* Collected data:

===

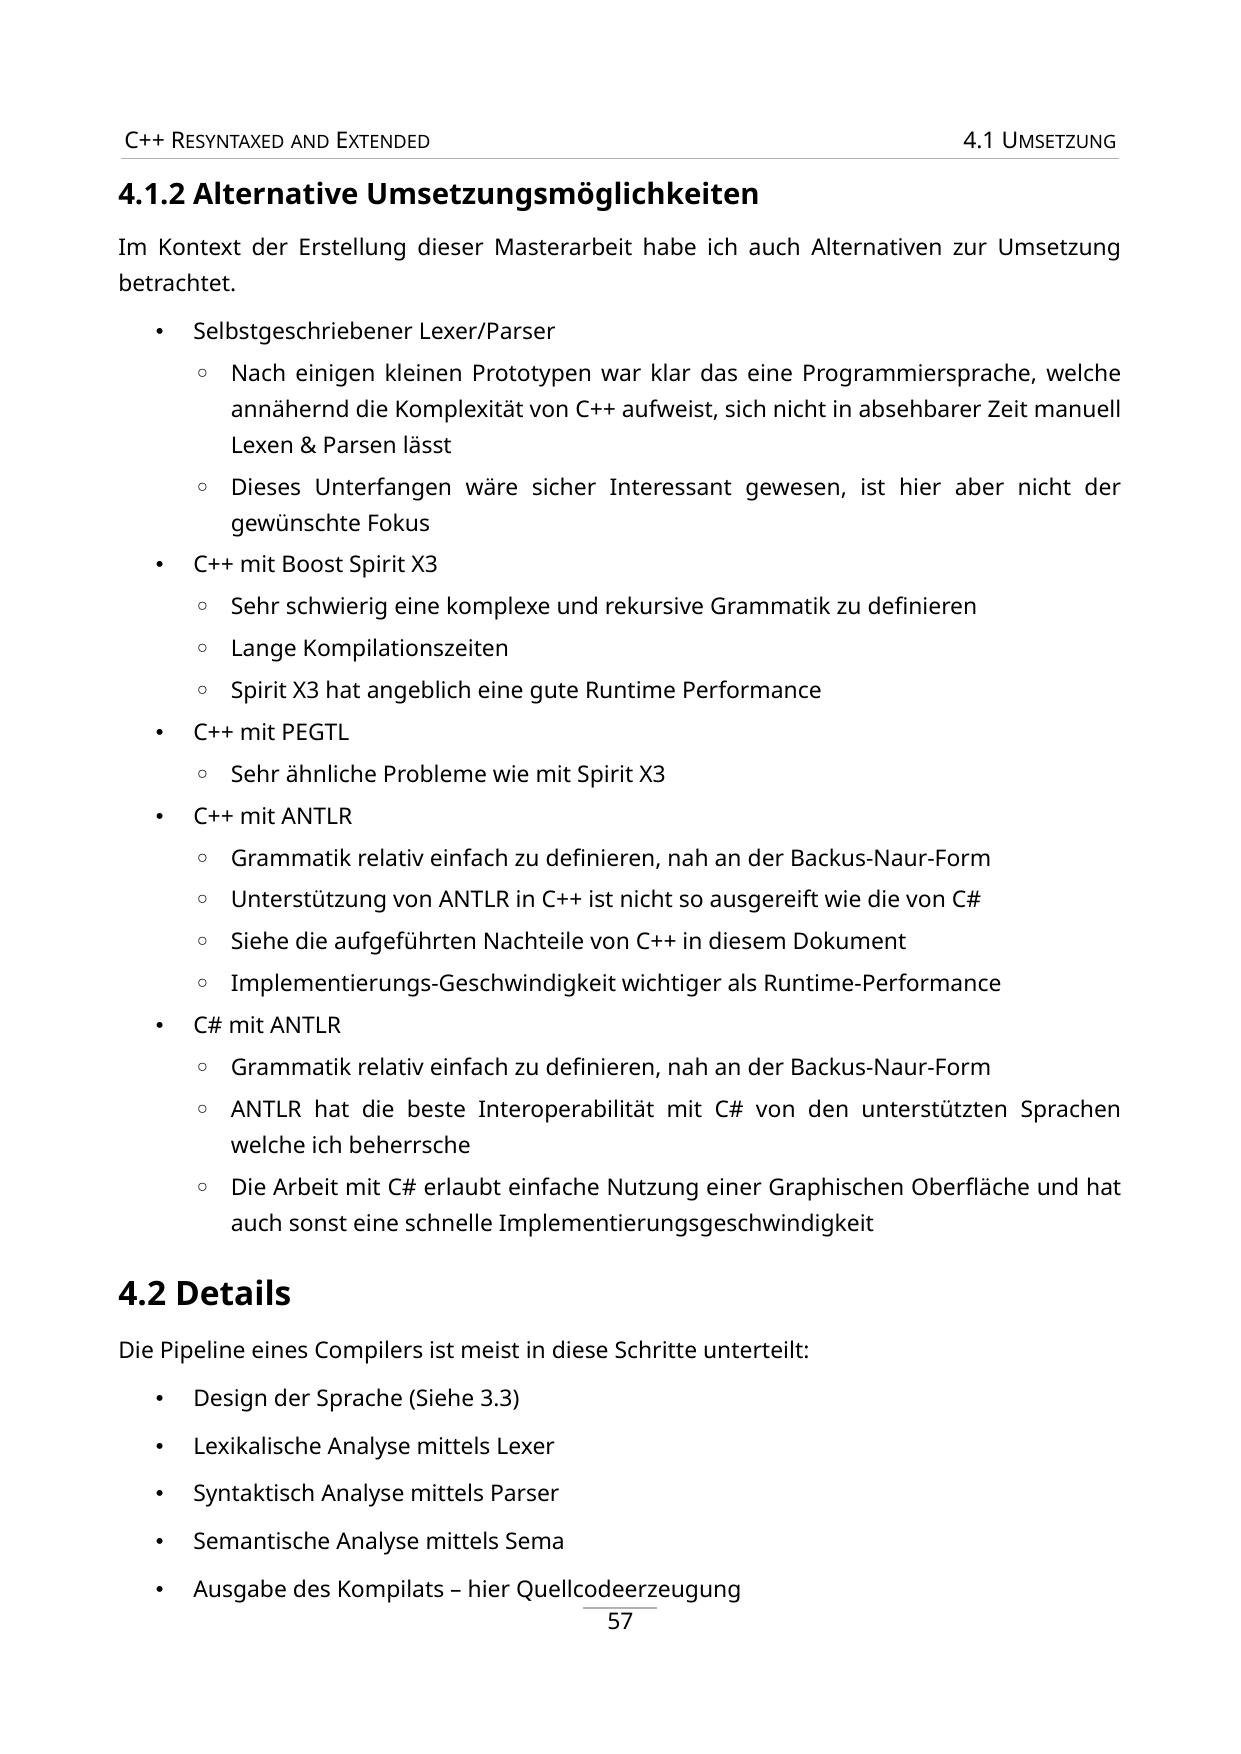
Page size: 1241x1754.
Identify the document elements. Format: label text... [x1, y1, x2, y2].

text Im Kontext der Erstellung dieser Masterarbeit habe ich auch Alternativen zur Umsetzung betrachtet. [118, 231, 1122, 298]
subtitle Alternative Umsetzungsmöglichkeiten [118, 173, 1122, 213]
list Lexikalische Analyse mittels Lexer [156, 1430, 1122, 1461]
list Sehr schwierig eine komplexe und rekursive Grammatik zu definieren [193, 590, 1122, 622]
list C++ mit Boost Spirit X3 [156, 548, 1122, 580]
list Nach einigen kleinen Prototypen war klar das eine Programmiersprache, welche annähernd die Komplexität von C++ aufweist, sich nicht in absehbarer Zeit manuell Lexen & Parsen lässt [193, 357, 1122, 460]
list Ausgabe des Kompilats – hier Quellcodeerzeugung [156, 1573, 1122, 1604]
list Semantische Analyse mittels Sema [156, 1525, 1122, 1556]
list Selbstgeschriebener Lexer/Parser [156, 315, 1122, 346]
list Implementierungs-Geschwindigkeit wichtiger als Runtime-Performance [193, 967, 1122, 998]
list Unterstützung von ANTLR in C++ ist nicht so ausgereift wie die von C# [193, 883, 1122, 915]
list C++ mit PEGTL [156, 716, 1122, 747]
list C# mit ANTLR [156, 1009, 1122, 1040]
text Die Pipeline eines Compilers ist meist in diese Schritte unterteilt: [118, 1334, 1122, 1366]
list ANTLR hat die beste Interoperabilität mit C# von den unterstützten Sprachen welche ich beherrsche [193, 1093, 1122, 1160]
list Lange Kompilationszeiten [193, 632, 1122, 663]
list C++ mit ANTLR [156, 800, 1122, 831]
list Siehe die aufgeführten Nachteile von C++ in diesem Dokument [193, 925, 1122, 957]
list Sehr ähnliche Probleme wie mit Spirit X3 [193, 758, 1122, 789]
list Grammatik relativ einfach zu definieren, nah an der Backus-Naur-Form [193, 842, 1122, 873]
list Grammatik relativ einfach zu definieren, nah an der Backus-Naur-Form [193, 1051, 1122, 1082]
list Design der Sprache (Siehe 3.3) [156, 1382, 1122, 1413]
list Syntaktisch Analyse mittels Parser [156, 1477, 1122, 1509]
subtitle Details [118, 1269, 1122, 1315]
list Die Arbeit mit C# erlaubt einfache Nutzung einer Graphischen Oberfläche und hat auch sonst eine schnelle Implementierungsgeschwindigkeit [193, 1171, 1122, 1238]
list Dieses Unterfangen wäre sicher Interessant gewesen, ist hier aber nicht der gewünschte Fokus [193, 471, 1122, 538]
list Spirit X3 hat angeblich eine gute Runtime Performance [193, 674, 1122, 705]

===

* YOUR INSTRUCTIONS:
Pictures are to be dropped; the lines from the start of the entries above through the line with "list Sehr schwierig" are to be given again verbatim.

* ANSWER SPACE:
Page size: 1241x1754.
Identify the document elements. Format: label text... [x1, y1, x2, y2].

text Im Kontext der Erstellung dieser Masterarbeit habe ich auch Alternativen zur Umsetzung betrachtet. [118, 231, 1122, 298]
subtitle Alternative Umsetzungsmöglichkeiten [118, 173, 1122, 213]
list Lexikalische Analyse mittels Lexer [156, 1430, 1122, 1461]
list Sehr schwierig eine komplexe und rekursive Grammatik zu definieren [193, 590, 1122, 622]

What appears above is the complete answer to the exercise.